Portable applications rely heavily on sandboxes – sequestered bits of virtual machine isolated from the real computer for safety and portability. They are, almost by definition, limited and with incomplete access to the hardware and the operating system. They’re baby-safe spaces with no sharp corners. It’s supposed to make them (and the apps they contain) safe. But it also makes them rubber-padded playgrounds. Instead of buggy (or malicious) code secretly infecting the host machine, it just asks permission instead. Click-fatigued users will blithely accept any request that an app pops up. Can you access my camera?

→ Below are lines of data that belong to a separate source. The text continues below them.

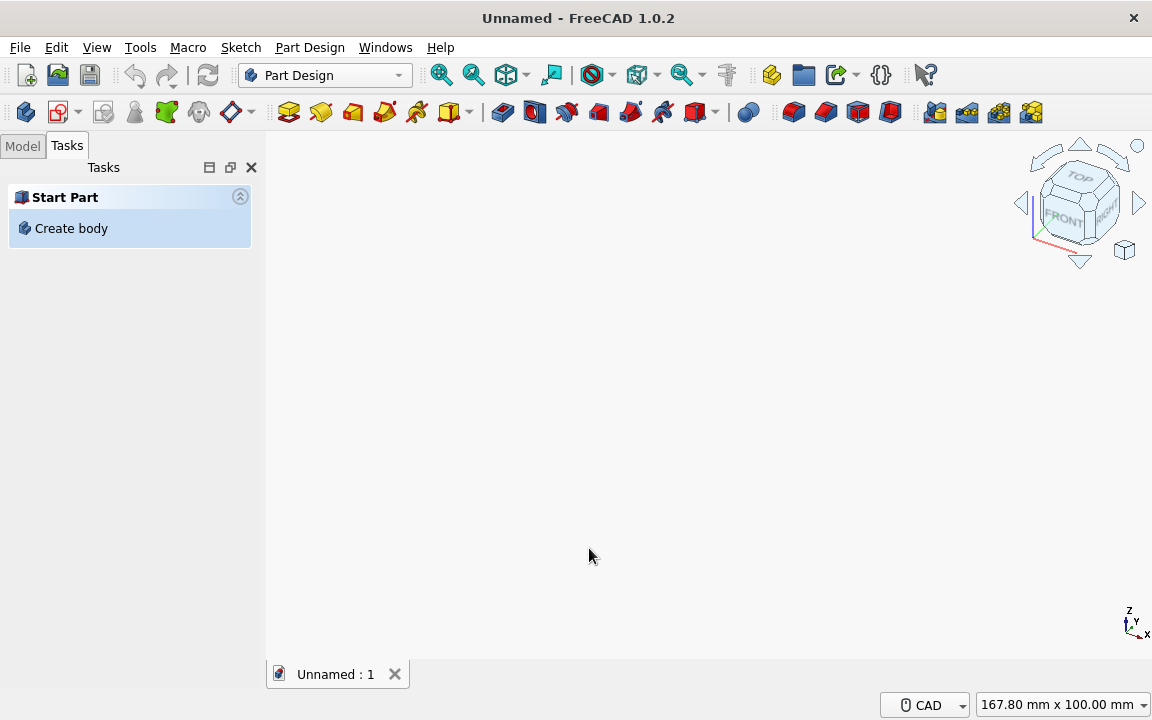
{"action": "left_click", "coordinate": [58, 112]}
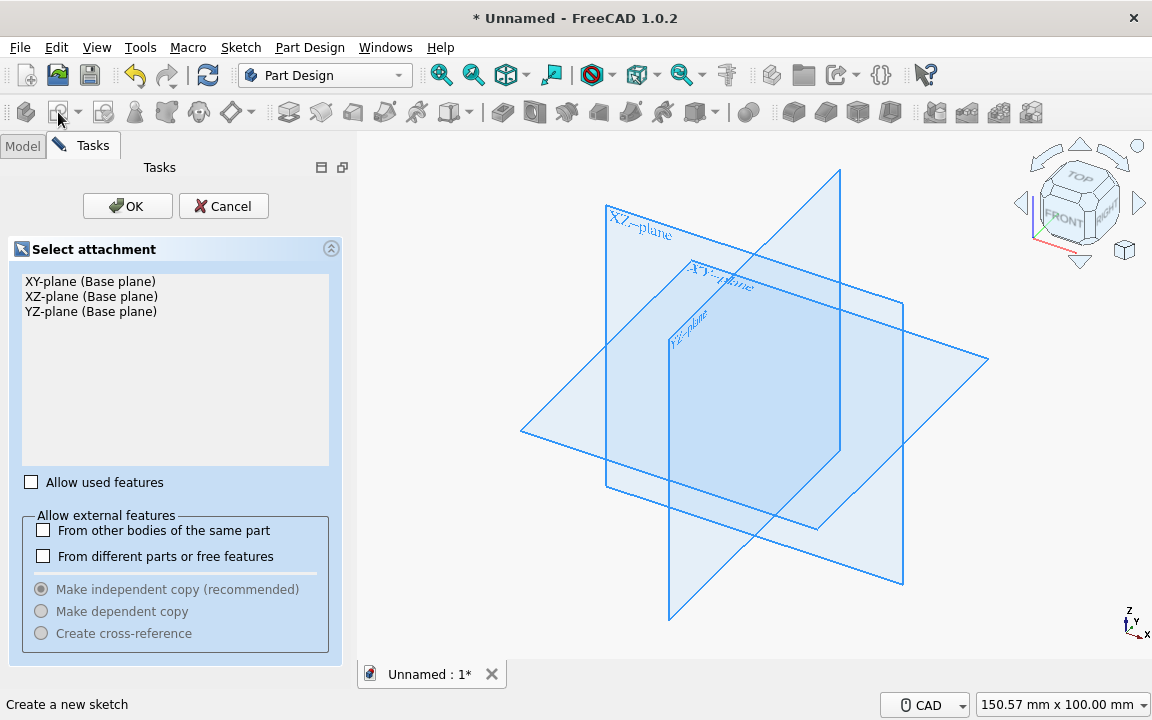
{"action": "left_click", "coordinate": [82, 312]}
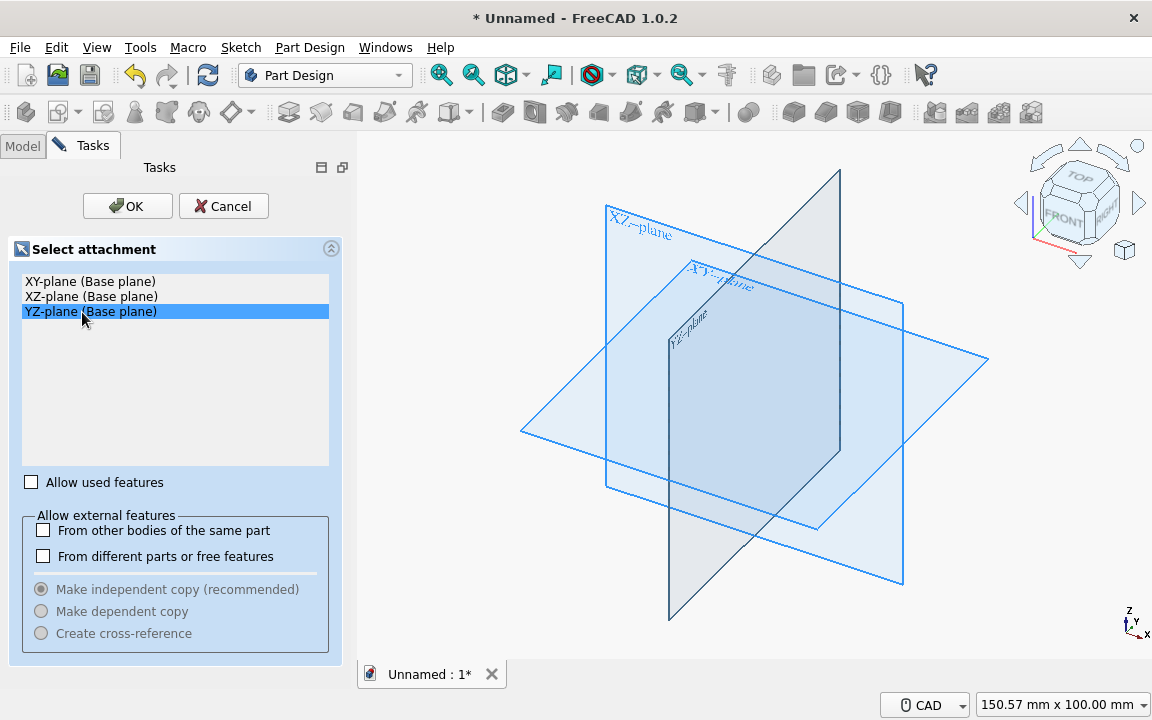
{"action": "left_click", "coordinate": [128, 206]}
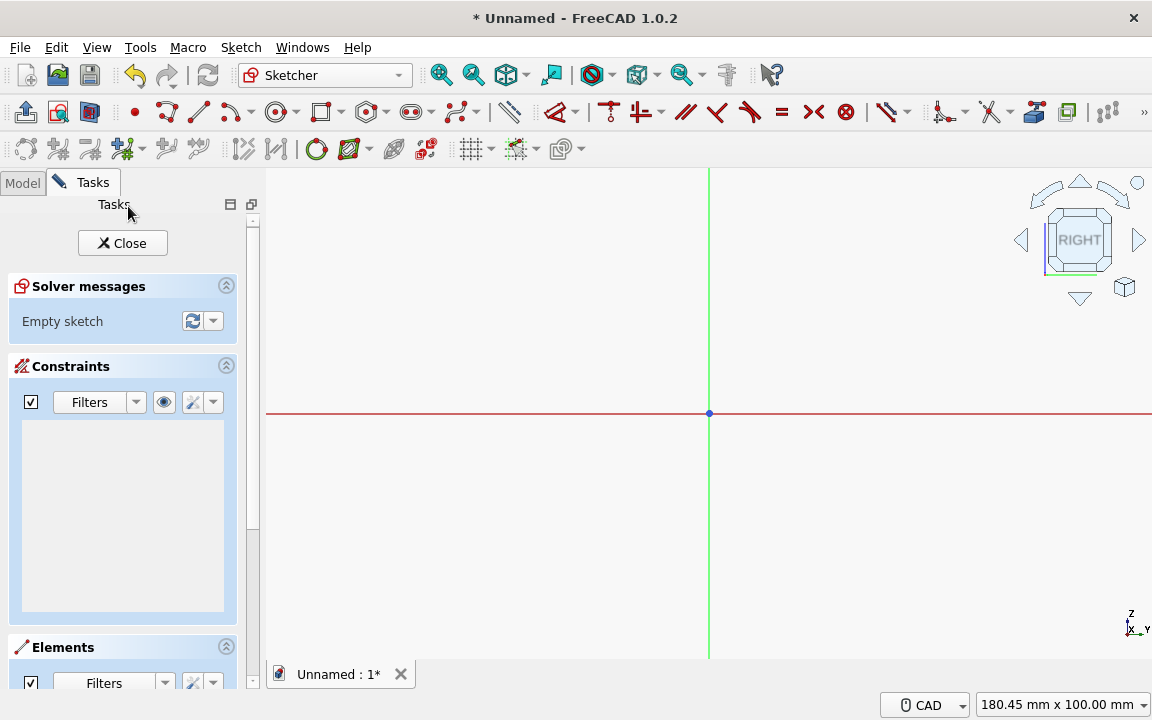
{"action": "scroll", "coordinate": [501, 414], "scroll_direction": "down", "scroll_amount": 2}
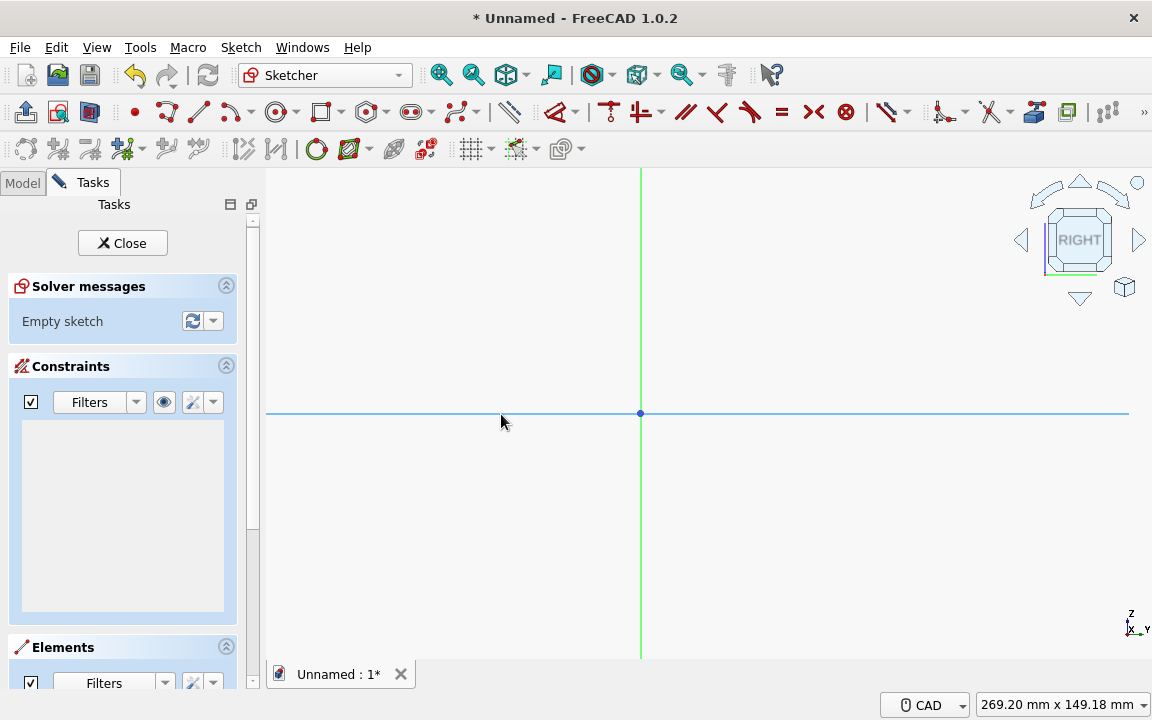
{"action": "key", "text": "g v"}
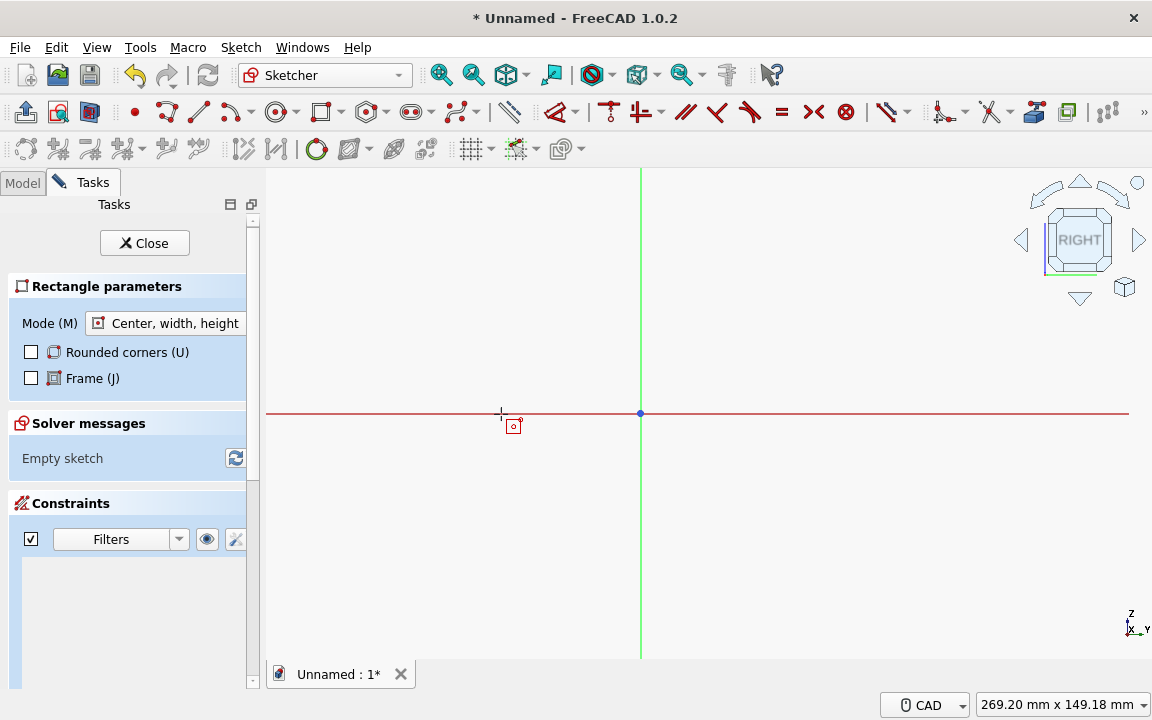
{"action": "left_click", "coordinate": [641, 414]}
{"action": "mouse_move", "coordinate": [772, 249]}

Sure. My wireless network? Go ahead. My contact list? Go for it. And so on… The universal app is just as harmful as before. But now you get to blame the customer for it.
The very existence of sandboxes for anything other than testing underlines their limitations. What, your software is so unreliable that it has to be caged?
Even little kids know that it’s important to be able to play well with others. And that, while we all share certain basic traits, we also have important differences from one another. If “variety is the very spice of life, that gives it all its flavor,” then celebrate those differences. Don’t be like the mindless drones in the “1984” commercial. You didn’t choose your favorite products because they were bland and unremarkable. Don’t peddle vanilla when you can provide the spice.